My bad habits sometimes prevail.
Well, you can judge the character however you want, I just wouldn't allow it to interfere with how you present the narrative when it comes to prose. Your judgments of them are what come through in the themes of the story, if something works for someone, if it doesn't, how people react, etc.

...Assuming that's what you're talking about. I could write a whole thing on that, topic-wise.

If you just mean knowing how to immerse and how it feels easier to just tell people, I agree it is. That's why so many people do it out the gate because it feels more natural. It just isn't as powerful a technique for immersing readers.

Of course, it's easier said than done, which I totally get. I fucking hate when people just tell me to do something instead of teaching me more in detail how. This week will be one where I do go further into the how, so hopefully it can help.

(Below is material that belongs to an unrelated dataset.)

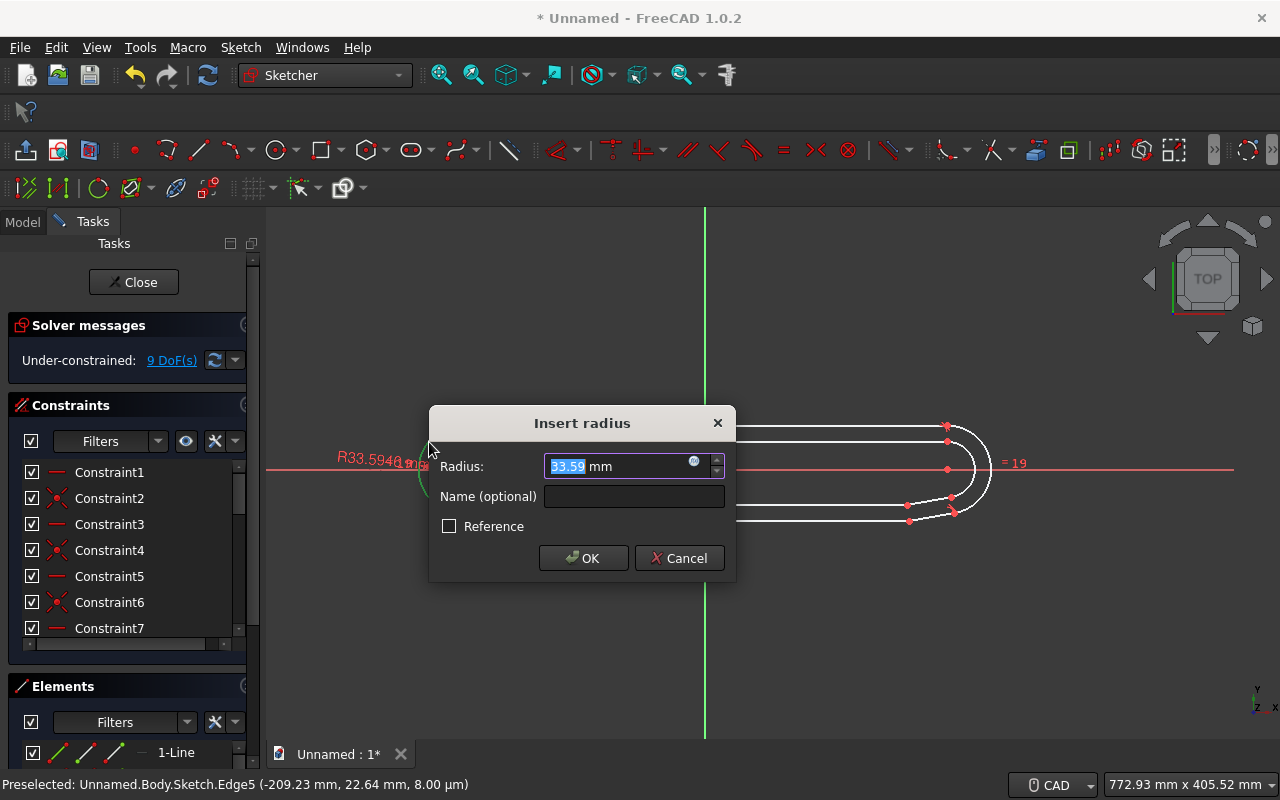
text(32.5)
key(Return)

What do you think about the subject of head hopping? Like using the shifts to be able to zoom into inside out level for two different character within a single chapter.
I heard it's jarring and Sanderson recommends only one character pov per chapter, but visual mediums shift pov use it so easily with great comedic effect. It feels such a shame to not try it in stories even if its written form.

So, first, what to keep in mind here is that visual mediums aren't head-hopping. Here's a visual mediums camera:

1680636987487.png


It's doing the same as outside-in/observer. It is observing things.


Head-hopping should be avoided. It helps to understand more what the difference between headhopping and omniscient is first.


OMNISCIENT HAS ONE POINT OF VIEW, HEADHOPPING HAS MANY

In omniscient, the story's eyes are the narrator. With headhopping, you're jumping between seeing through the eyes of differing characters. Most importantly, you're doing it without transition. You can have multiple viewpoints in a story, but you need a transition between them, hence things like chapter endings and so on.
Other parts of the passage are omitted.